Chinese Volunteers Enter Lunar Palace Closed Bioregenerative Living Experiment For 200 Days
I started this blog with a series of articles about the ambitions of China in space exploration and exploitation. They are currently working on an Earth orbit space station and returning men to the Moon to staff a permanent lunar base. One part of their preparations is having people live in a simulated Moon base on Earth.
Four post-graduate students from Beihang University in Beijing will take part in the experiment. The two men and two women will enter the “Yuegong-1” (or Lunar Palace-1 in English) this week for an initial stay of sixty days. Another group will enter the Lunar Palace for a two hundred day stay after the first mission. Following that, the original quartet will return for another one hundred and sixty day mission. The Lunar Palace was used for a successful trial in 2014.
The Lunar Palace is a seventeen hundred square foot cabin. It has two plant cultivation modules, a living area, four bed cubicles, a common room, a bathroom, a waste treatment room and a room for raising animals. The Lunar Palace will be sealed after the volunteers enter and there will be no inputs from the outside world. Human wastes will be treated with a bio-fermentation process. Crops and vegetables will be grown with food and human waste byproducts. Chinese state media says that the Lunar Palace is the "world's most advanced closed-loop life-support technology so far."
One of the volunteers said “I will be in charge of the treatment of solid waste, urine, shredding straw, threshing wheat, processing food and other work." He went on to say that other members of the team will have responsibilities for growing crops, monitoring the health of the crew and handling supply inventory.
There have been two other bioregenerative life-support base experiments in the U.S. but the Lunar Palace is the first such base in China.
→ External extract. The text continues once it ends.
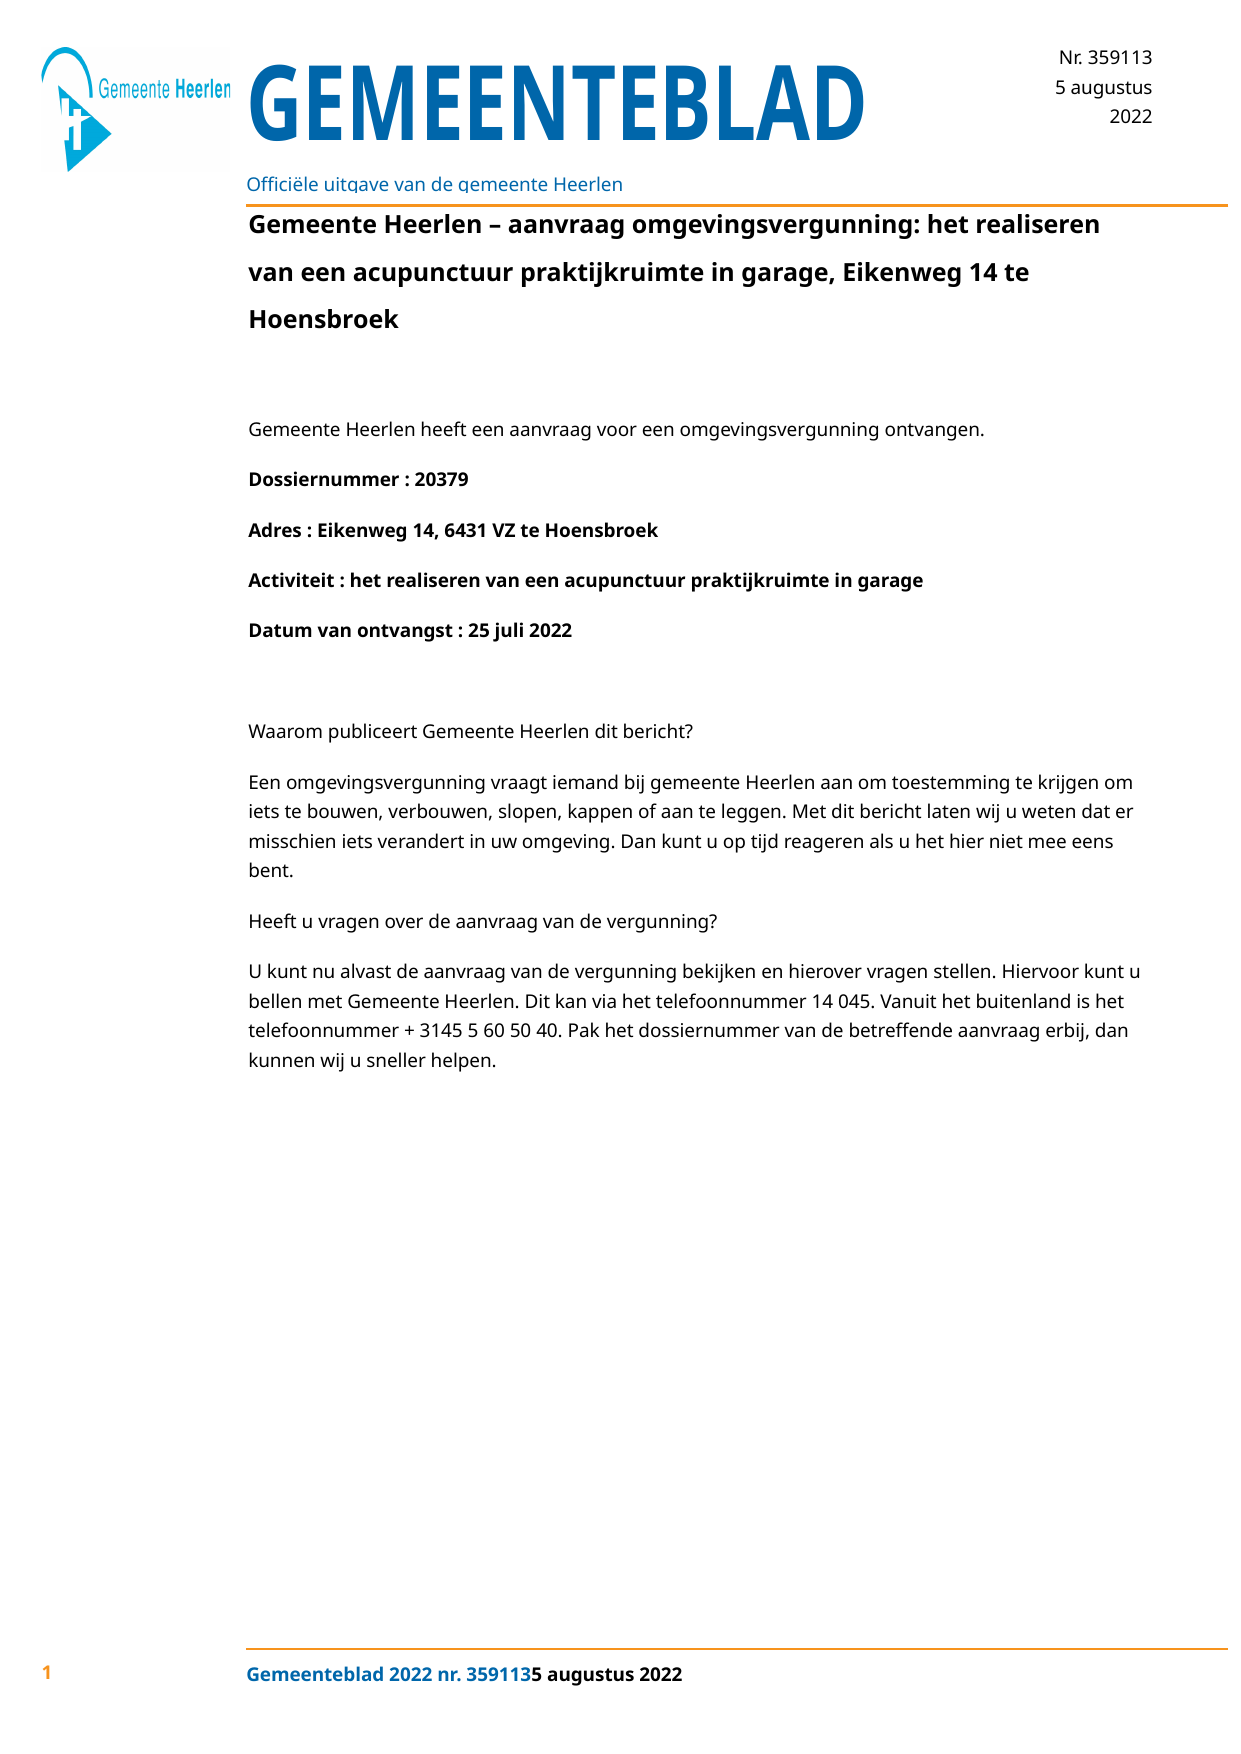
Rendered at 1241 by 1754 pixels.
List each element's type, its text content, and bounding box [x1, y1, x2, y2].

The Lunar Palace is the first bioregenerative life-support base which includes microorganisms, plants, animals and humans.
Although China’s plans for a lunar colony do not call for a manned flight to the Moon for another decade, the Lunar Palace is part of a program to prepare astronauts for extended stays on the Moon. China is putting billions of dollars into space missions as it races to catch up with the U.S. and Europe which both have plans to set up manned bases on the Moon by 2022. China places great symbolic significance in its space program. It feels that China’s global status is connected to its success in space exploration and exploitation.
As I wrote in a recent post on this blog, China is very interested in participating with the European Space Agency in the creation of a “Moon Village” by 2022. This would be a manned lunar base created by a consortium of nations along the lines of the International Space Station. If China does join the Moon Village project, then the lessons learned from the Lunar Palace experiment could prove to be useful even before China established its own lunar base.